Ask students to consider the following in their peer assessment:

• Did the response include a clear answer to the question?

• Does the response explain how the evidence included supports the argument?

• How could this response be improved? Ask students to suggest at least one way in their feedback to their peer.

2 Quick quiz (45 minutes)

Purpose and description: This activity is intended to allow both students and teachers to gauge what students have understood in Coursebook Section 2.1.

Ask students to spend some time making a total of five multiple-choice questions about what they learned in studying the section. Each question should have at least four answer options.

After students have composed their questions, instruct them to complete a series of rotations (how many is up to the teacher) where they pair up with another student. Each student will ask one of their questions for the other to answer.

After these rotations are complete, ask students to complete individual reflections that answer the following questions:

• Were there any topics you’ve found difficult in today’s activity?

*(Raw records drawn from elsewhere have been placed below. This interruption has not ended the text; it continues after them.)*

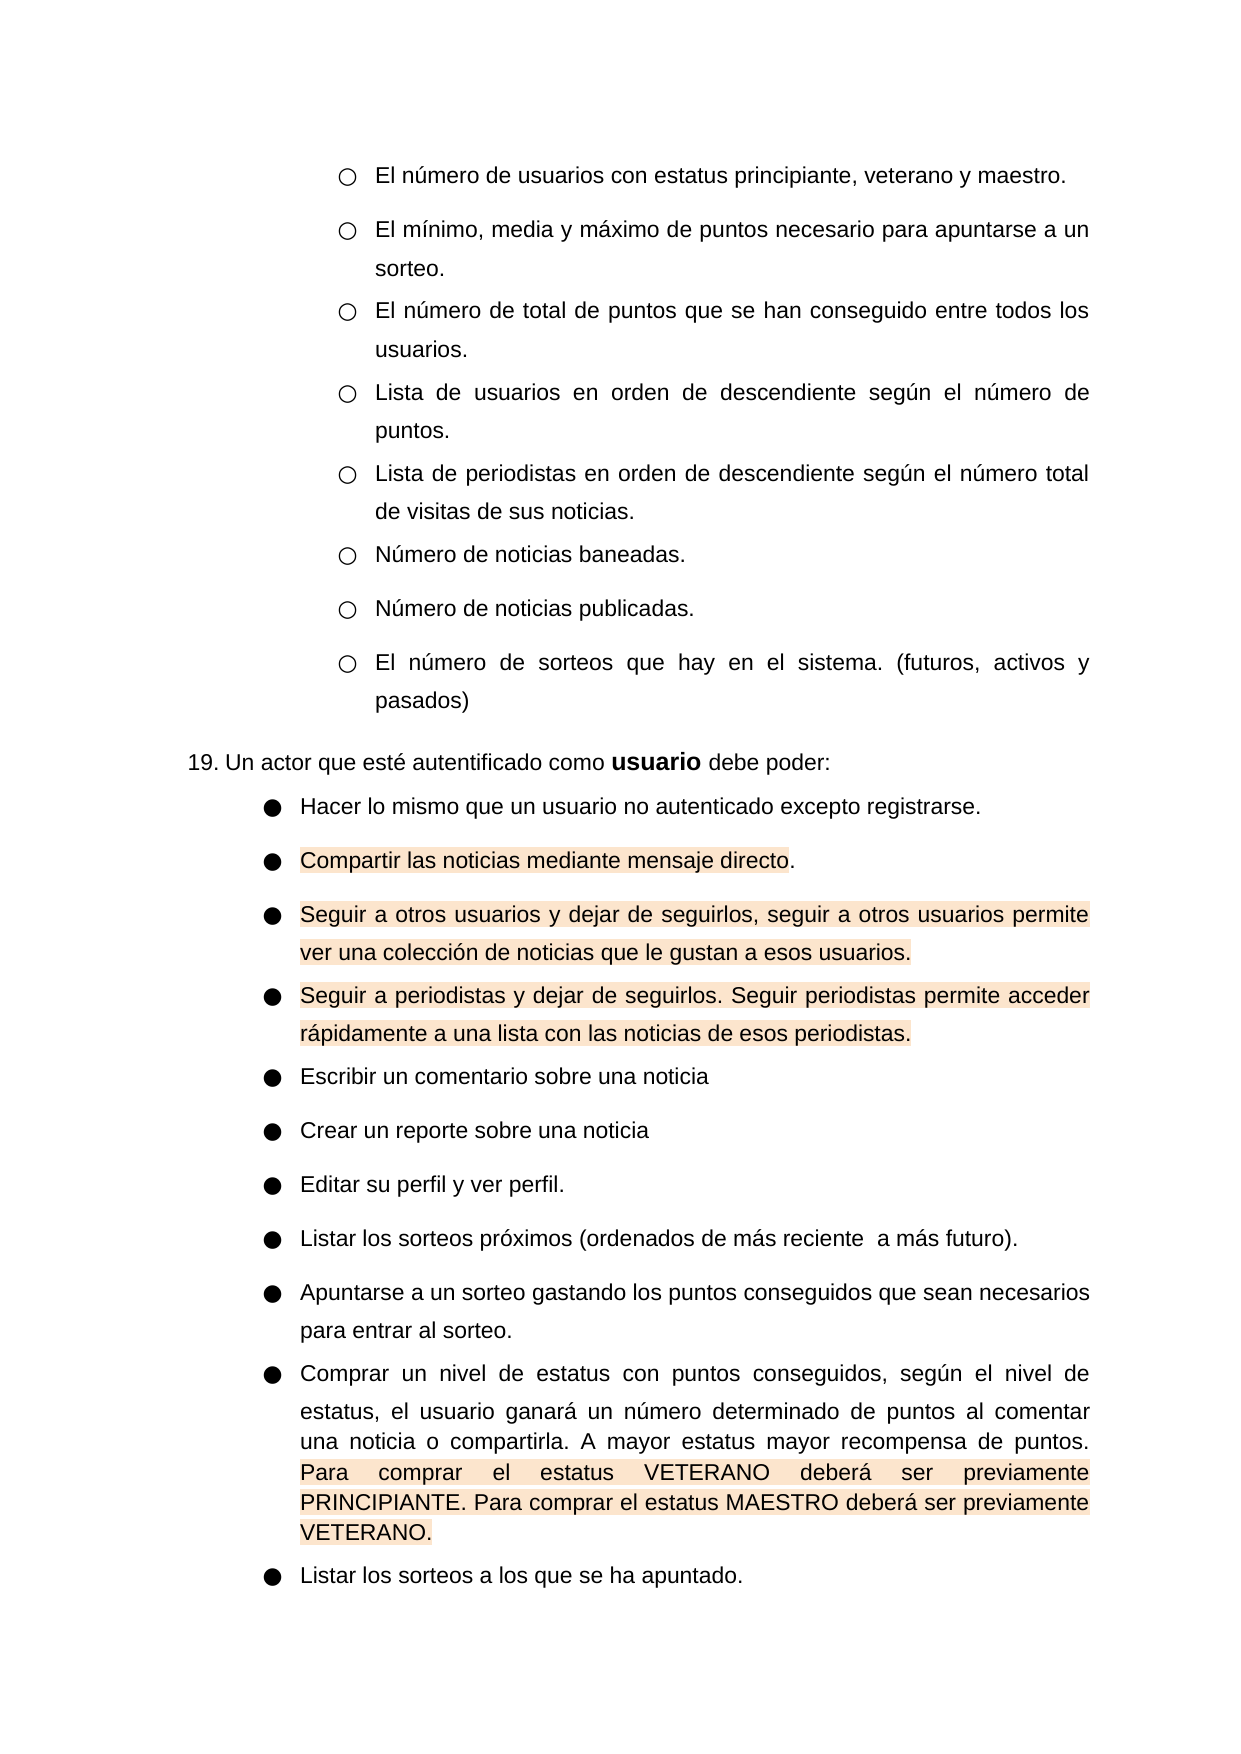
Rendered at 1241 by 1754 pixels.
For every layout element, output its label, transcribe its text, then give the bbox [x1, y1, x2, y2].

list Apuntarse a un sorteo gastando los puntos conseguidos que sean necesarios para entrar al sorteo. [262, 1266, 1090, 1343]
list Seguir a otros usuarios y dejar de seguirlos, seguir a otros usuarios permite ver una colección de noticias que le gustan a esos usuarios. [262, 888, 1090, 965]
list Editar su perfil y ver perfil. [262, 1158, 1090, 1205]
list Crear un reporte sobre una noticia [262, 1104, 1090, 1151]
list Número de noticias publicadas. [337, 582, 1090, 629]
list Un actor que esté autentificado como usuario debe poder: [187, 747, 1090, 776]
list Listar los sorteos próximos (ordenados de más reciente a más futuro). [262, 1212, 1090, 1259]
list Listar los sorteos a los que se ha apuntado. [262, 1549, 1090, 1596]
list Hacer lo mismo que un usuario no autenticado excepto registrarse. [262, 780, 1090, 827]
list Seguir a periodistas y dejar de seguirlos. Seguir periodistas permite acceder rápidamente a una lista con las noticias de esos periodistas. [262, 969, 1090, 1046]
list El mínimo, media y máximo de puntos necesario para apuntarse a un sorteo. [337, 204, 1090, 281]
list Número de noticias baneadas. [337, 528, 1090, 575]
list El número de usuarios con estatus principiante, veterano y maestro. [337, 150, 1090, 197]
list Escribir un comentario sobre una noticia [262, 1050, 1090, 1097]
list Lista de periodistas en orden de descendiente según el número total de visitas de sus noticias. [337, 447, 1090, 524]
list Lista de usuarios en orden de descendiente según el número de puntos. [337, 366, 1090, 443]
list El número de total de puntos que se han conseguido entre todos los usuarios. [337, 285, 1090, 362]
list Compartir las noticias mediante mensaje directo. [262, 834, 1090, 881]
list El número de sorteos que hay en el sistema. (futuros, activos y pasados) [337, 636, 1090, 713]
list Comprar un nivel de estatus con puntos conseguidos, según el nivel de estatus, el usuario ganará un número determinado de puntos al comentar una noticia o compartirla. A mayor estatus mayor recompensa de puntos. Para comprar el estatus VETERANO deberá ser previamente PRINCIPIANTE. Para comprar el estatus MAESTRO deberá ser previamente VETERANO. [262, 1347, 1090, 1545]

• What makes a ‘good’ multiple-choice question?

• What makes a ‘bad’ multiple-choice question?

• Would you change any of the questions you wrote today? Explain your reasoning.

CAMBRIDGE INTERNATIONAL AS LEVEL HISTORY: TEACHER’S RESOURCE

Differentiation:

• Support: give students who are finding it challenging to write multiple-choice questions some information about question stems and writing multiple-choice answers. (This website, ‘Writing Effective Multiple Choice Questions’ is a good example).

SAMPLE

Homework ideas

1 Top ten fact sheet

Purpose and description: The purpose of this activity is to allow students to revise their knowledge from Coursebook Section 2.1 and condense it into a usable form of notes.

Ask students to prepare a ‘Top Ten Facts to Know’ about Coursebook Section 2.1. These can be bullet points but should be presented as complete sentences and should include specific information such as names, events, people and ideas.

Answers:

Students’ answers will vary, but an example bullet response may resemble this:

• The Treaty of Versailles caused much controversy because of its terms: it demilitarised Germany, took its overseas territories, forbade Anschluss, included a ‘war guilt’ clause, and required reparations. Some nations, such as the USA and Britain, found its terms too harsh. Others, like France, thought it was not harsh enough.

2 Answering the Key question

Purpose and description: The purpose of this activity is to encourage students to demonstrate what knowledge they have gained in Coursebook Section 2.1.

Ask students to prepare a one-page typed or handwritten response to the Key question for this section: ‘Why was there such extensive dissatisfaction with the peace settlements of 1919–20?’ In their response, they should include at least three causes. In the last paragraph, they should pick the most important cause and explain their reasoning. They must use specific information that includes dates, names, ideas and/or events.

Answers:

Students’ answers will vary, but they may include:

• Feelings that the treaties were too harsh on the defeated powers and/or feelings that the treaties were not harsh enough.

• Concerns about the impacts of reparations.

• Italy feeling that it did not receive the lands it was promised.

• Russia and Germany being upset that they did not get to participate in negotiations.

• Disputes over the creation of the League of Nations.

• The many problems the successor states faced that resulted from the decisions made in Paris.

• Uneven application of key ideas such as self-determination.